• _To do_: Could you repeat all of the entries exactly, leaving out any pictures?

• _Recorded data_:
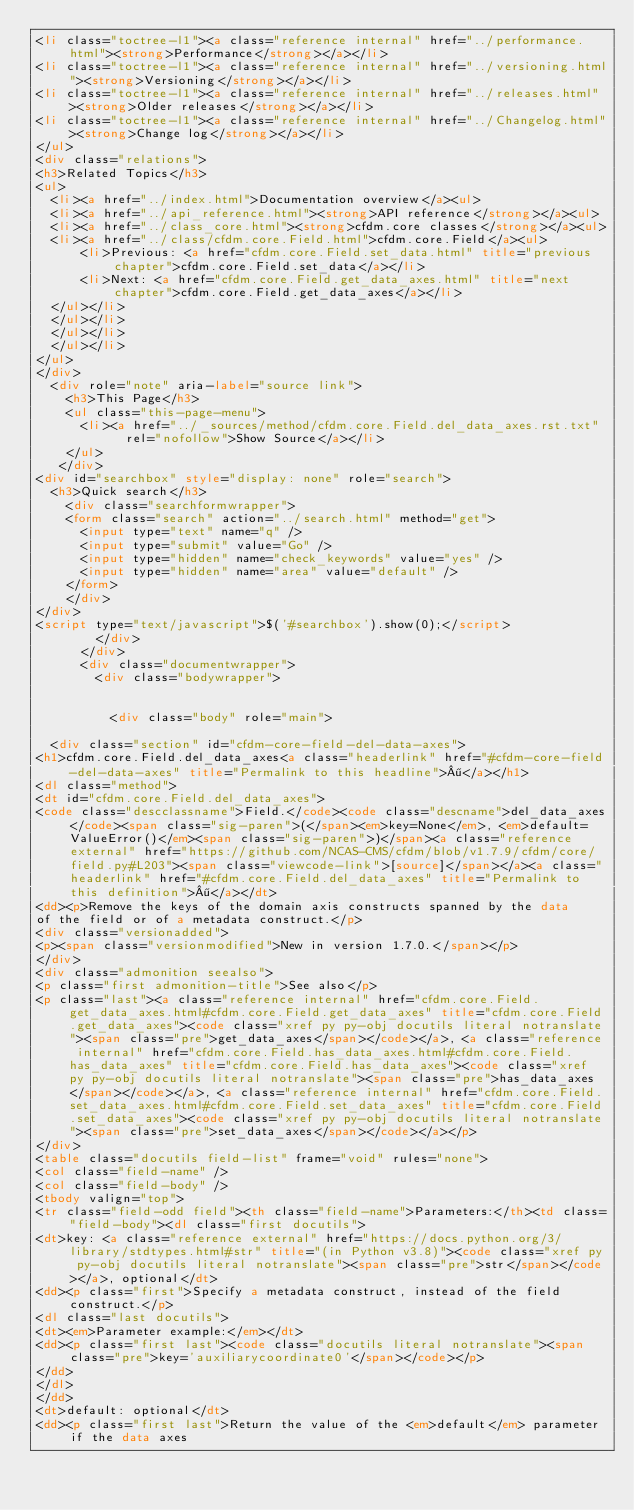Convert code to text. <code><loc_0><loc_0><loc_500><loc_500><_HTML_><li class="toctree-l1"><a class="reference internal" href="../performance.html"><strong>Performance</strong></a></li>
<li class="toctree-l1"><a class="reference internal" href="../versioning.html"><strong>Versioning</strong></a></li>
<li class="toctree-l1"><a class="reference internal" href="../releases.html"><strong>Older releases</strong></a></li>
<li class="toctree-l1"><a class="reference internal" href="../Changelog.html"><strong>Change log</strong></a></li>
</ul>
<div class="relations">
<h3>Related Topics</h3>
<ul>
  <li><a href="../index.html">Documentation overview</a><ul>
  <li><a href="../api_reference.html"><strong>API reference</strong></a><ul>
  <li><a href="../class_core.html"><strong>cfdm.core classes</strong></a><ul>
  <li><a href="../class/cfdm.core.Field.html">cfdm.core.Field</a><ul>
      <li>Previous: <a href="cfdm.core.Field.set_data.html" title="previous chapter">cfdm.core.Field.set_data</a></li>
      <li>Next: <a href="cfdm.core.Field.get_data_axes.html" title="next chapter">cfdm.core.Field.get_data_axes</a></li>
  </ul></li>
  </ul></li>
  </ul></li>
  </ul></li>
</ul>
</div>
  <div role="note" aria-label="source link">
    <h3>This Page</h3>
    <ul class="this-page-menu">
      <li><a href="../_sources/method/cfdm.core.Field.del_data_axes.rst.txt"
            rel="nofollow">Show Source</a></li>
    </ul>
   </div>
<div id="searchbox" style="display: none" role="search">
  <h3>Quick search</h3>
    <div class="searchformwrapper">
    <form class="search" action="../search.html" method="get">
      <input type="text" name="q" />
      <input type="submit" value="Go" />
      <input type="hidden" name="check_keywords" value="yes" />
      <input type="hidden" name="area" value="default" />
    </form>
    </div>
</div>
<script type="text/javascript">$('#searchbox').show(0);</script>
        </div>
      </div>
      <div class="documentwrapper">
        <div class="bodywrapper">
          

          <div class="body" role="main">
            
  <div class="section" id="cfdm-core-field-del-data-axes">
<h1>cfdm.core.Field.del_data_axes<a class="headerlink" href="#cfdm-core-field-del-data-axes" title="Permalink to this headline">¶</a></h1>
<dl class="method">
<dt id="cfdm.core.Field.del_data_axes">
<code class="descclassname">Field.</code><code class="descname">del_data_axes</code><span class="sig-paren">(</span><em>key=None</em>, <em>default=ValueError()</em><span class="sig-paren">)</span><a class="reference external" href="https://github.com/NCAS-CMS/cfdm/blob/v1.7.9/cfdm/core/field.py#L203"><span class="viewcode-link">[source]</span></a><a class="headerlink" href="#cfdm.core.Field.del_data_axes" title="Permalink to this definition">¶</a></dt>
<dd><p>Remove the keys of the domain axis constructs spanned by the data
of the field or of a metadata construct.</p>
<div class="versionadded">
<p><span class="versionmodified">New in version 1.7.0.</span></p>
</div>
<div class="admonition seealso">
<p class="first admonition-title">See also</p>
<p class="last"><a class="reference internal" href="cfdm.core.Field.get_data_axes.html#cfdm.core.Field.get_data_axes" title="cfdm.core.Field.get_data_axes"><code class="xref py py-obj docutils literal notranslate"><span class="pre">get_data_axes</span></code></a>, <a class="reference internal" href="cfdm.core.Field.has_data_axes.html#cfdm.core.Field.has_data_axes" title="cfdm.core.Field.has_data_axes"><code class="xref py py-obj docutils literal notranslate"><span class="pre">has_data_axes</span></code></a>, <a class="reference internal" href="cfdm.core.Field.set_data_axes.html#cfdm.core.Field.set_data_axes" title="cfdm.core.Field.set_data_axes"><code class="xref py py-obj docutils literal notranslate"><span class="pre">set_data_axes</span></code></a></p>
</div>
<table class="docutils field-list" frame="void" rules="none">
<col class="field-name" />
<col class="field-body" />
<tbody valign="top">
<tr class="field-odd field"><th class="field-name">Parameters:</th><td class="field-body"><dl class="first docutils">
<dt>key: <a class="reference external" href="https://docs.python.org/3/library/stdtypes.html#str" title="(in Python v3.8)"><code class="xref py py-obj docutils literal notranslate"><span class="pre">str</span></code></a>, optional</dt>
<dd><p class="first">Specify a metadata construct, instead of the field construct.</p>
<dl class="last docutils">
<dt><em>Parameter example:</em></dt>
<dd><p class="first last"><code class="docutils literal notranslate"><span class="pre">key='auxiliarycoordinate0'</span></code></p>
</dd>
</dl>
</dd>
<dt>default: optional</dt>
<dd><p class="first last">Return the value of the <em>default</em> parameter if the data axes</code> 
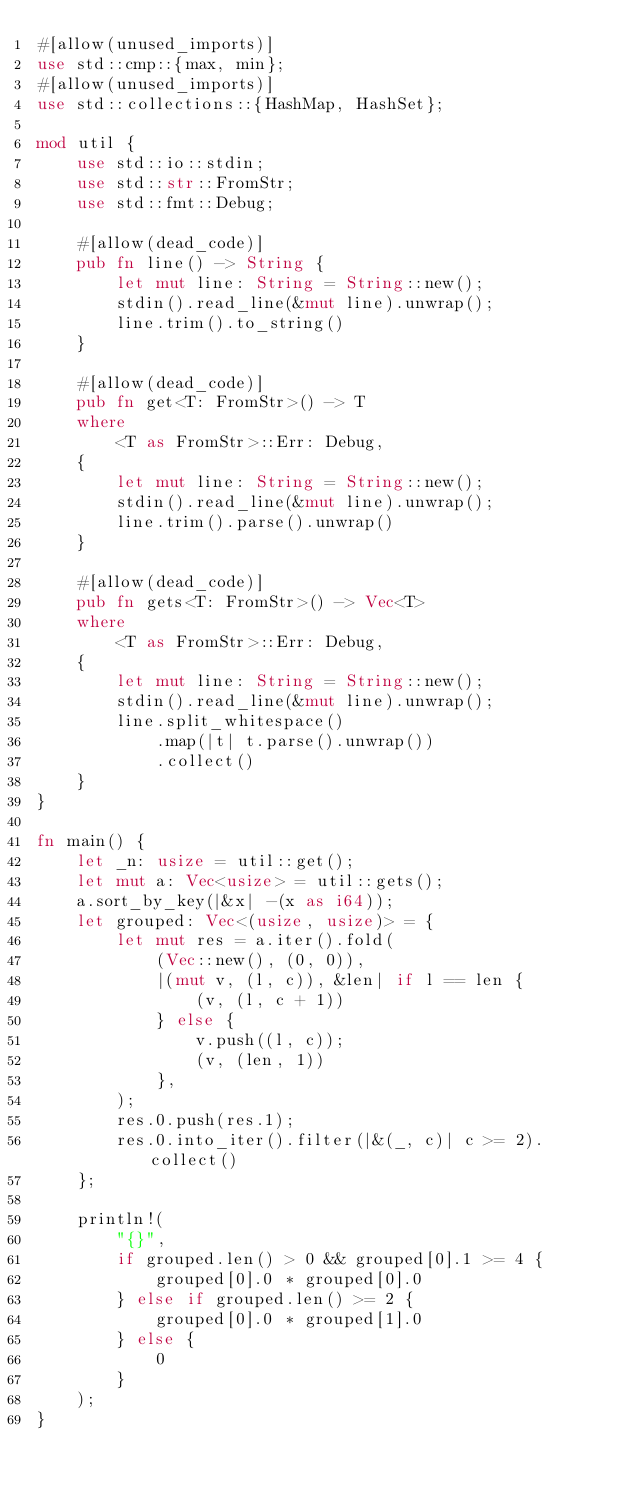Convert code to text. <code><loc_0><loc_0><loc_500><loc_500><_Rust_>#[allow(unused_imports)]
use std::cmp::{max, min};
#[allow(unused_imports)]
use std::collections::{HashMap, HashSet};

mod util {
    use std::io::stdin;
    use std::str::FromStr;
    use std::fmt::Debug;

    #[allow(dead_code)]
    pub fn line() -> String {
        let mut line: String = String::new();
        stdin().read_line(&mut line).unwrap();
        line.trim().to_string()
    }

    #[allow(dead_code)]
    pub fn get<T: FromStr>() -> T
    where
        <T as FromStr>::Err: Debug,
    {
        let mut line: String = String::new();
        stdin().read_line(&mut line).unwrap();
        line.trim().parse().unwrap()
    }

    #[allow(dead_code)]
    pub fn gets<T: FromStr>() -> Vec<T>
    where
        <T as FromStr>::Err: Debug,
    {
        let mut line: String = String::new();
        stdin().read_line(&mut line).unwrap();
        line.split_whitespace()
            .map(|t| t.parse().unwrap())
            .collect()
    }
}

fn main() {
    let _n: usize = util::get();
    let mut a: Vec<usize> = util::gets();
    a.sort_by_key(|&x| -(x as i64));
    let grouped: Vec<(usize, usize)> = {
        let mut res = a.iter().fold(
            (Vec::new(), (0, 0)),
            |(mut v, (l, c)), &len| if l == len {
                (v, (l, c + 1))
            } else {
                v.push((l, c));
                (v, (len, 1))
            },
        );
        res.0.push(res.1);
        res.0.into_iter().filter(|&(_, c)| c >= 2).collect()
    };

    println!(
        "{}",
        if grouped.len() > 0 && grouped[0].1 >= 4 {
            grouped[0].0 * grouped[0].0
        } else if grouped.len() >= 2 {
            grouped[0].0 * grouped[1].0
        } else {
            0
        }
    );
}</code> 
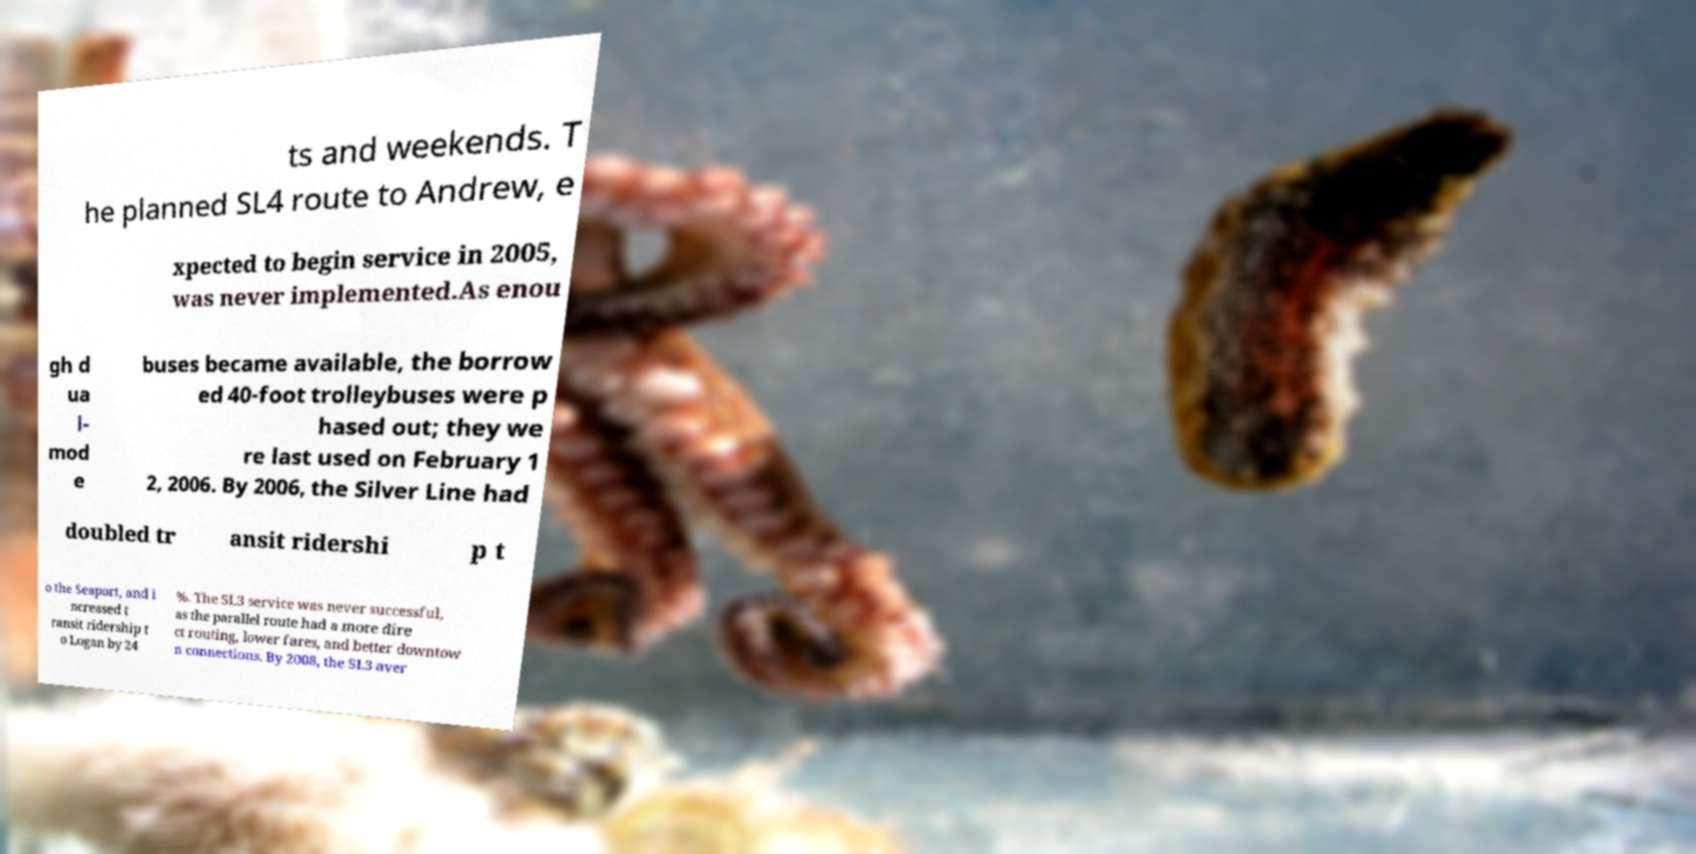There's text embedded in this image that I need extracted. Can you transcribe it verbatim? ts and weekends. T he planned SL4 route to Andrew, e xpected to begin service in 2005, was never implemented.As enou gh d ua l- mod e buses became available, the borrow ed 40-foot trolleybuses were p hased out; they we re last used on February 1 2, 2006. By 2006, the Silver Line had doubled tr ansit ridershi p t o the Seaport, and i ncreased t ransit ridership t o Logan by 24 %. The SL3 service was never successful, as the parallel route had a more dire ct routing, lower fares, and better downtow n connections. By 2008, the SL3 aver 
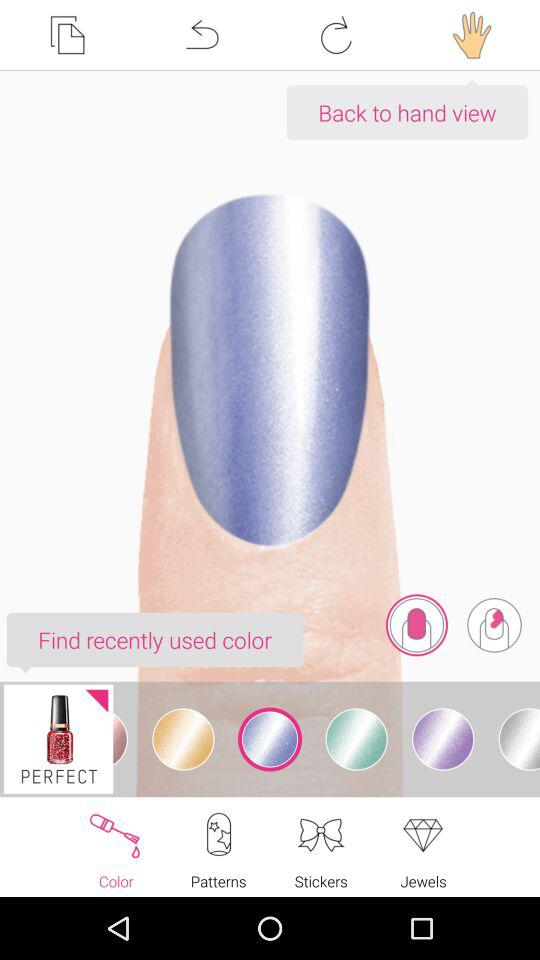Which tab is selected? The selected tab is "Color".

• _Answer to this task_:
Convert code to text. <code><loc_0><loc_0><loc_500><loc_500><_HTML_><li class="toctree-l1"><a class="reference internal" href="../performance.html"><strong>Performance</strong></a></li>
<li class="toctree-l1"><a class="reference internal" href="../versioning.html"><strong>Versioning</strong></a></li>
<li class="toctree-l1"><a class="reference internal" href="../releases.html"><strong>Older releases</strong></a></li>
<li class="toctree-l1"><a class="reference internal" href="../Changelog.html"><strong>Change log</strong></a></li>
</ul>
<div class="relations">
<h3>Related Topics</h3>
<ul>
  <li><a href="../index.html">Documentation overview</a><ul>
  <li><a href="../api_reference.html"><strong>API reference</strong></a><ul>
  <li><a href="../class_core.html"><strong>cfdm.core classes</strong></a><ul>
  <li><a href="../class/cfdm.core.Field.html">cfdm.core.Field</a><ul>
      <li>Previous: <a href="cfdm.core.Field.set_data.html" title="previous chapter">cfdm.core.Field.set_data</a></li>
      <li>Next: <a href="cfdm.core.Field.get_data_axes.html" title="next chapter">cfdm.core.Field.get_data_axes</a></li>
  </ul></li>
  </ul></li>
  </ul></li>
  </ul></li>
</ul>
</div>
  <div role="note" aria-label="source link">
    <h3>This Page</h3>
    <ul class="this-page-menu">
      <li><a href="../_sources/method/cfdm.core.Field.del_data_axes.rst.txt"
            rel="nofollow">Show Source</a></li>
    </ul>
   </div>
<div id="searchbox" style="display: none" role="search">
  <h3>Quick search</h3>
    <div class="searchformwrapper">
    <form class="search" action="../search.html" method="get">
      <input type="text" name="q" />
      <input type="submit" value="Go" />
      <input type="hidden" name="check_keywords" value="yes" />
      <input type="hidden" name="area" value="default" />
    </form>
    </div>
</div>
<script type="text/javascript">$('#searchbox').show(0);</script>
        </div>
      </div>
      <div class="documentwrapper">
        <div class="bodywrapper">
          

          <div class="body" role="main">
            
  <div class="section" id="cfdm-core-field-del-data-axes">
<h1>cfdm.core.Field.del_data_axes<a class="headerlink" href="#cfdm-core-field-del-data-axes" title="Permalink to this headline">¶</a></h1>
<dl class="method">
<dt id="cfdm.core.Field.del_data_axes">
<code class="descclassname">Field.</code><code class="descname">del_data_axes</code><span class="sig-paren">(</span><em>key=None</em>, <em>default=ValueError()</em><span class="sig-paren">)</span><a class="reference external" href="https://github.com/NCAS-CMS/cfdm/blob/v1.7.9/cfdm/core/field.py#L203"><span class="viewcode-link">[source]</span></a><a class="headerlink" href="#cfdm.core.Field.del_data_axes" title="Permalink to this definition">¶</a></dt>
<dd><p>Remove the keys of the domain axis constructs spanned by the data
of the field or of a metadata construct.</p>
<div class="versionadded">
<p><span class="versionmodified">New in version 1.7.0.</span></p>
</div>
<div class="admonition seealso">
<p class="first admonition-title">See also</p>
<p class="last"><a class="reference internal" href="cfdm.core.Field.get_data_axes.html#cfdm.core.Field.get_data_axes" title="cfdm.core.Field.get_data_axes"><code class="xref py py-obj docutils literal notranslate"><span class="pre">get_data_axes</span></code></a>, <a class="reference internal" href="cfdm.core.Field.has_data_axes.html#cfdm.core.Field.has_data_axes" title="cfdm.core.Field.has_data_axes"><code class="xref py py-obj docutils literal notranslate"><span class="pre">has_data_axes</span></code></a>, <a class="reference internal" href="cfdm.core.Field.set_data_axes.html#cfdm.core.Field.set_data_axes" title="cfdm.core.Field.set_data_axes"><code class="xref py py-obj docutils literal notranslate"><span class="pre">set_data_axes</span></code></a></p>
</div>
<table class="docutils field-list" frame="void" rules="none">
<col class="field-name" />
<col class="field-body" />
<tbody valign="top">
<tr class="field-odd field"><th class="field-name">Parameters:</th><td class="field-body"><dl class="first docutils">
<dt>key: <a class="reference external" href="https://docs.python.org/3/library/stdtypes.html#str" title="(in Python v3.8)"><code class="xref py py-obj docutils literal notranslate"><span class="pre">str</span></code></a>, optional</dt>
<dd><p class="first">Specify a metadata construct, instead of the field construct.</p>
<dl class="last docutils">
<dt><em>Parameter example:</em></dt>
<dd><p class="first last"><code class="docutils literal notranslate"><span class="pre">key='auxiliarycoordinate0'</span></code></p>
</dd>
</dl>
</dd>
<dt>default: optional</dt>
<dd><p class="first last">Return the value of the <em>default</em> parameter if the data axes</code> 
Convert code to text. <code><loc_0><loc_0><loc_500><loc_500><_Rust_>#[allow(unused_imports)]
use std::cmp::{max, min};
#[allow(unused_imports)]
use std::collections::{HashMap, HashSet};

mod util {
    use std::io::stdin;
    use std::str::FromStr;
    use std::fmt::Debug;

    #[allow(dead_code)]
    pub fn line() -> String {
        let mut line: String = String::new();
        stdin().read_line(&mut line).unwrap();
        line.trim().to_string()
    }

    #[allow(dead_code)]
    pub fn get<T: FromStr>() -> T
    where
        <T as FromStr>::Err: Debug,
    {
        let mut line: String = String::new();
        stdin().read_line(&mut line).unwrap();
        line.trim().parse().unwrap()
    }

    #[allow(dead_code)]
    pub fn gets<T: FromStr>() -> Vec<T>
    where
        <T as FromStr>::Err: Debug,
    {
        let mut line: String = String::new();
        stdin().read_line(&mut line).unwrap();
        line.split_whitespace()
            .map(|t| t.parse().unwrap())
            .collect()
    }
}

fn main() {
    let _n: usize = util::get();
    let mut a: Vec<usize> = util::gets();
    a.sort_by_key(|&x| -(x as i64));
    let grouped: Vec<(usize, usize)> = {
        let mut res = a.iter().fold(
            (Vec::new(), (0, 0)),
            |(mut v, (l, c)), &len| if l == len {
                (v, (l, c + 1))
            } else {
                v.push((l, c));
                (v, (len, 1))
            },
        );
        res.0.push(res.1);
        res.0.into_iter().filter(|&(_, c)| c >= 2).collect()
    };

    println!(
        "{}",
        if grouped.len() > 0 && grouped[0].1 >= 4 {
            grouped[0].0 * grouped[0].0
        } else if grouped.len() >= 2 {
            grouped[0].0 * grouped[1].0
        } else {
            0
        }
    );
}</code> 
There's text embedded in this image that I need extracted. Can you transcribe it verbatim? ts and weekends. T he planned SL4 route to Andrew, e xpected to begin service in 2005, was never implemented.As enou gh d ua l- mod e buses became available, the borrow ed 40-foot trolleybuses were p hased out; they we re last used on February 1 2, 2006. By 2006, the Silver Line had doubled tr ansit ridershi p t o the Seaport, and i ncreased t ransit ridership t o Logan by 24 %. The SL3 service was never successful, as the parallel route had a more dire ct routing, lower fares, and better downtow n connections. By 2008, the SL3 aver 
Which tab is selected? The selected tab is "Color".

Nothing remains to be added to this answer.